In the first case ("i"), yes, the sleeping thread will get popped out of its call to Thread#sleep()
by way of an InterruptedException
being thrown. At this point, the thread's status flag represented by Thread#isInterrupted()
will be cleared; calling Thread#isInterrupted()
would return false. Since the InterruptedException
is in flight, the message has been sent to all transitive callers.
It's then the callers' responsibility to catch that exception and do one of two things:
- either exit the current thread, or
- call
Thread#interrupt()
on the current thread (that is, Thread.currentThread().interrupt()
)
When you say that thread "t1" is "still in a sleep, wait, or join state," the only way it could be so after its initial call to Thread#sleep()
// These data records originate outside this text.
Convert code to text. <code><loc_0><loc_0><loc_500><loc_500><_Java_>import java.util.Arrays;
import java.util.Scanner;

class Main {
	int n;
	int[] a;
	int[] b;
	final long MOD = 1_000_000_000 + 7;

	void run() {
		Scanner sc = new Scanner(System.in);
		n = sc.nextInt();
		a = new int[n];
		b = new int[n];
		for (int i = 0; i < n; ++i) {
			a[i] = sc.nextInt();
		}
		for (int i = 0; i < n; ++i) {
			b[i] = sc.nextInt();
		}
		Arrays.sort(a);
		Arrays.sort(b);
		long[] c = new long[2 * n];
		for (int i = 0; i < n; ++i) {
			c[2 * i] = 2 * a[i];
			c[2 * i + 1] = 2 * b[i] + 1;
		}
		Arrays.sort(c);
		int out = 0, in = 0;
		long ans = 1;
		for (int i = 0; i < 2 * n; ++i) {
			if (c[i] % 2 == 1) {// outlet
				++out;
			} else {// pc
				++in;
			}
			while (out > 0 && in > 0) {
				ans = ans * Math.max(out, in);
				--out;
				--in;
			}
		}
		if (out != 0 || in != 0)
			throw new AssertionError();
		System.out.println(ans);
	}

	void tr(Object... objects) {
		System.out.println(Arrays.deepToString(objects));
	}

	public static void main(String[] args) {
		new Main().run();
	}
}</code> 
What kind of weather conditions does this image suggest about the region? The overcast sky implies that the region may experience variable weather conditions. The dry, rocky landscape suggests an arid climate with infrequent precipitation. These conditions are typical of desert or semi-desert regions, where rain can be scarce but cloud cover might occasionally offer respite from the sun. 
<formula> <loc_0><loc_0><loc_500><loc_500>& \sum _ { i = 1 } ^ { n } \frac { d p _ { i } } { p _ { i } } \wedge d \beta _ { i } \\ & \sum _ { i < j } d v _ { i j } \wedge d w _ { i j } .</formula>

exited via InterruptedException
is if it caught the exception, ignored it, and called on some blocking method like Thread.sleep()
again before thread "t2" has a chance to interrupt it a second time.
If thread "t2" were to interrupt thread "t1" again while "t1" is currently blocked on an interruptible method call, "t1"'s call will again exit with an InterruptedException
. Otherwise, the thread's interruption flag will be set for later detection.
Every time one calls Thread#interrupt()
, the the interruption status of that target thread will be set to "true," meaning the thread has been interrupted since its interruption status was last cleared. The next time that the interrupted thread attempts to make a blocking call to an interruptible method, the thread's interruption status will be cleared and the method will throw InterruptedException
.
Note that clearing the interruption status like that does not lose information so long as the clearing is immediately followed by throwing InterruptedException
. A thrown InterruptedException
is best interpreted as, "This thread had its interruption status set at some point prior, and now it's your responsibility to react and, usually, to warn subsequent callers of the intended interruption." You achieve the latter objective by calling Thread#interrupt()
after catching InterruptedException
, restoring the interruption status for others to see.
See the book Java Concurrency in Practice for a more authoritative description of this protocol.